Tuesday, May 3, 2011
Fever, 1793 by Laurie Halse Anderson
Mattie lives with her mother and grandfather in Philadelphia in 1793. Together they run a coffeehouse while Mattie's mother tries to find a suitable husband for her daughter. But life changes for Mattie when many people in Philadelphia, including her mother, become sick with yellow fever. Mattie's mother decides to send her to the country to live with friends but they are stopped on the way there by men worried about the fever spreading to their town and Mattie and her grandfather are abandoned by the side of the road. After narrowly recovering from the fever herself Mattie finally makes it back to Philadelphia only to find that the city has changed and her mother has disappeared. Stores, including her coffeehouse, have been looted and farmers won't come into town to sell food for fear of catching the fever themselves. With no word of whether her mother is alive or not and no sign of the fever breaking anytime soon, Mattie sets to work helping others in whatever way she can.

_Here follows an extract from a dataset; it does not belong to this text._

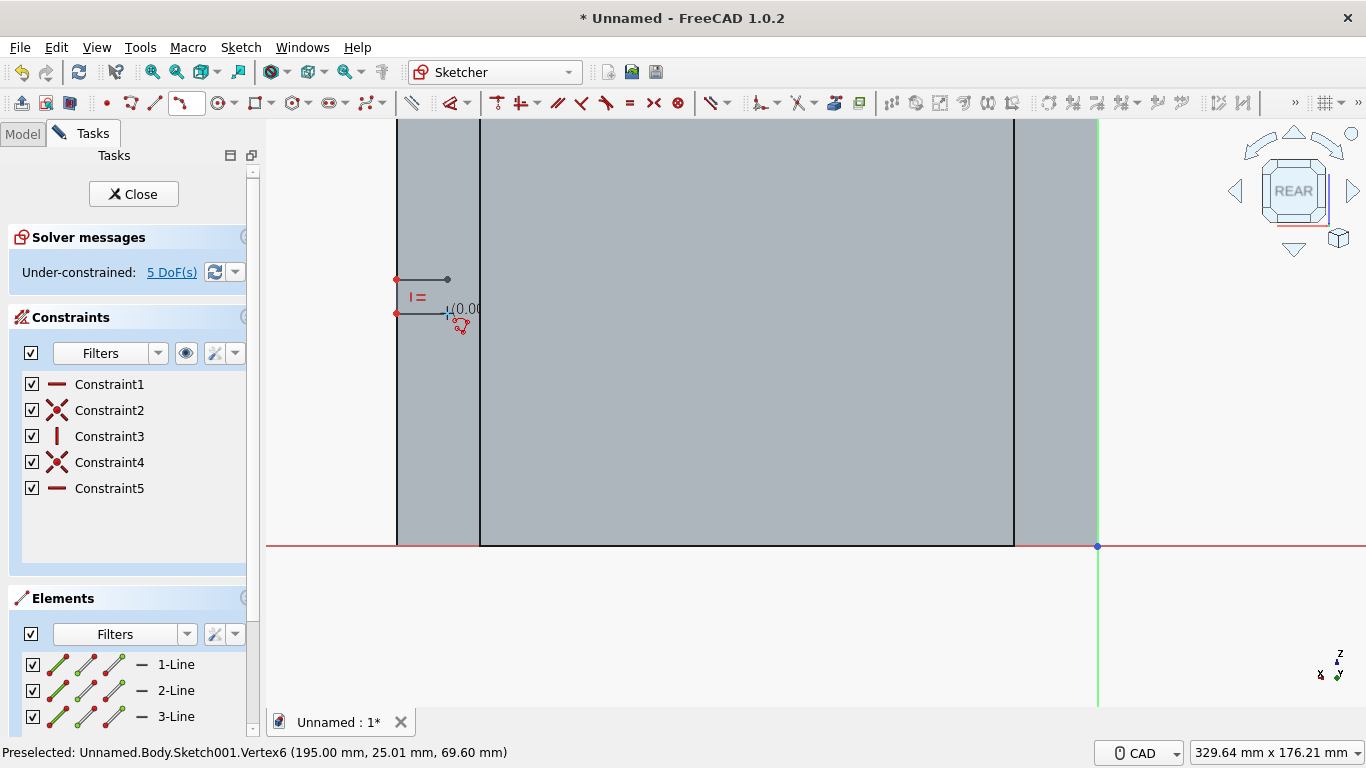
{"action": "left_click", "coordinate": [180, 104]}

This book is based on the true events of the yellow fever outbreak in Philadelphia. At that time people didn't know what caused yellow fever and even treatment was unsure with some doctors recommending daily bloodletting to cure their patients. When the epidemic began the city had 40,000 residents. By the time the first frost came and killed the mosquitoes that were spreading the fever over 5,000 people had died.